A rocket is in the form of a right circular cylinder closed at the lower end and surmounted by a cone with the same radius as that of the cylinder. The diameter and the height of the cylinder are 6 cm and 12 cm respectively. If the slant height of the conical portion is 5 cm, find the total surface area and the volume of the rocket. (Use π = 3.14).

The below figure shows the rocket:

Given,

Height of cylindrical portion (H) = 12 cm.

Radius of cylinder and cone = $\dfrac{\text{Diameter}}{2} = \dfrac{6}{2}$ = 3 cm.

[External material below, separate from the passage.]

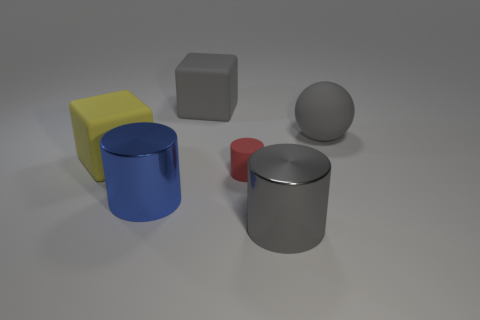Subtract all tiny red cylinders. How many cylinders are left? 2 Subtract all gray cylinders. How many cylinders are left? 2 Subtract all balls. How many objects are left? 5 Add 1 large gray cylinders. How many objects exist? 7 Add 5 small matte cylinders. How many small matte cylinders are left? 6 Add 4 big balls. How many big balls exist? 5 Subtract 0 blue cubes. How many objects are left? 6 Subtract 1 blocks. How many blocks are left? 1 Subtract all red cylinders. Subtract all purple cubes. How many cylinders are left? 2 Subtract all gray balls. How many red cubes are left? 0

Slant height of cone (l) = 5 cm.

⇒ h² = l² - r²
⇒ h² = 5² - 3²
⇒ h² = 25 - 9
⇒ h² = 16
⇒ h = $\sqrt{16}$ = 4 cm.

Total surface area of rocket (S) = Curved surface area of cylinder + Base area of cylinder + Curved surface area of cone.

$\therefore S = 2πrH + πr^2 + πrl \\[1em] = πr(2H + r + l) \\[1em] = 3.14 \times 3 \times (2 \times 12 + 3 + 5) \\[1em] = 9.42 \times 32 \\[1em] = 301.44 \text{ cm}^2.$

Volume of the rocket (V) = Volume of cone + Volume of cylinder.

$\therefore V = \dfrac{1}{3}πr^2h + πr^2H \\[1em] = πr^2\Big(\dfrac{h}{3} + H) \\[1em] = 3.14 \times 3^2 \times \Big(\dfrac{4}{3} + 12\Big) \\[1em] = 3.14 \times 3^2 \times \Big(\dfrac{4 + 36}{3} \Big) \\[1em] = 3.14 \times 9 \times \dfrac{40}{3} \\[1em] = 376.8 \text{ cm}^3.$

Hence, the total surface area of rocket is 301.44 cm² and volume is 376.8 cm³.